Hubli itself is quite a large place but it is mostly a business town so not tourist friendly. We arrived at the bus station and tried to make enquiries about leaving the next day. We asked in the information office and were told there were only night buses to Margoa and they left at 2pm and 9pm. This was different to what we had been told and rather threw us. Firstly it would mean a day less in Goa and second, night buses in India are not for the faint hearted and most guides advise against them.

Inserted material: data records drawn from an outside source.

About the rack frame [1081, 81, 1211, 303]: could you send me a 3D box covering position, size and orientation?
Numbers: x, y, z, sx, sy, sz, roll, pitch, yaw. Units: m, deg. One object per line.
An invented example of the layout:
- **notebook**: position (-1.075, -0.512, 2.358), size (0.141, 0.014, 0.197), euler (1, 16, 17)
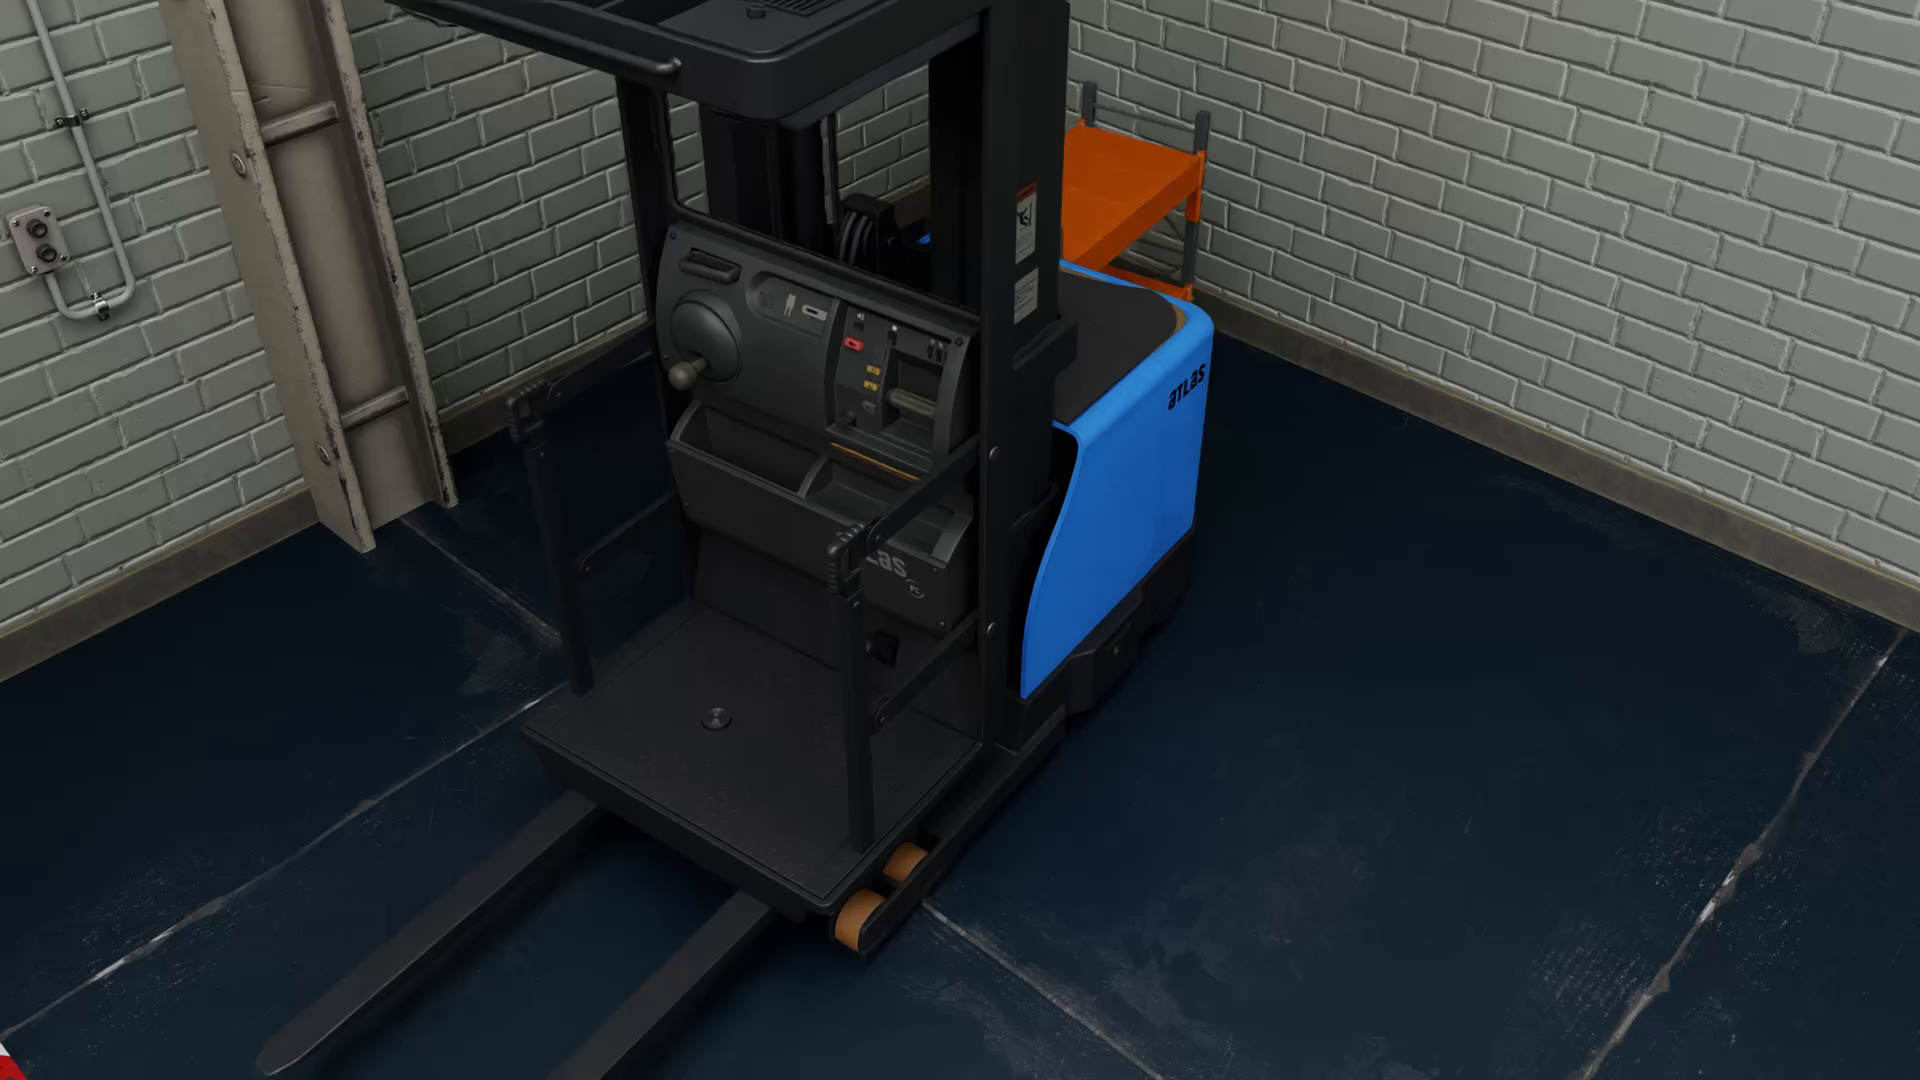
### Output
- **rack frame**: position (0.663, -1.136, 6.275), size (0.500, 1.125, 0.032), euler (22, 44, 25)

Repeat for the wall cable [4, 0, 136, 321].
- **wall cable**: position (-3.042, -1.061, 3.858), size (0.084, 1.984, 1.851), euler (30, 47, 32)

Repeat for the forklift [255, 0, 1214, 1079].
- **forklift**: position (-0.496, -0.406, 3.906), size (1.130, 2.935, 3.031), euler (24, 44, 27)

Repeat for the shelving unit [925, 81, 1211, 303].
- **shelving unit**: position (0.384, -0.871, 5.942), size (0.538, 1.125, 1.048), euler (22, 44, 25)

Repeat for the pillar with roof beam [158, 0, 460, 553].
- **pillar with roof beam**: position (1.154, -1.822, 0.812), size (9.100, 9.000, 0.400), euler (30, 47, 32)

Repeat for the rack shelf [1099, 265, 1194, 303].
- **rack shelf**: position (0.384, -0.680, 6.094), size (0.538, 0.278, 1.000), euler (22, 44, 25)

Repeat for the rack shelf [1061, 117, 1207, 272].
- **rack shelf**: position (0.384, -1.101, 5.760), size (0.538, 0.278, 1.000), euler (22, 44, 25)

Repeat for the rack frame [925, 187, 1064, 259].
- **rack frame**: position (0.105, -0.607, 5.609), size (0.500, 1.125, 0.032), euler (22, 44, 25)

We checked in at the hotel and made some enquiries. The reception staff told us there were lots of buses during the day to Goa. They made a phone call and gave us a list of times. Now we were confused. Who do you believe? We spent the night in what turned out to be a nice hotel with breakfast included. We decided to try for the 10am bus. We pitched up at the bus station at 9.15am and were directed to a platform.
We had asked a few people and they seemed to confirm a 10am bus to Goa. At 9.30am a conductor said 'Goa' to us and pointed to a bus just about to leave. He had been shouting 'Punaji/Ponda' two minutes before. We were doubly confused but he was insistent that we needed this bus. Once on board and headed to god knows where a young lad explained we needed to go to Ponda then change to a local bus to get to Margoa. Phew.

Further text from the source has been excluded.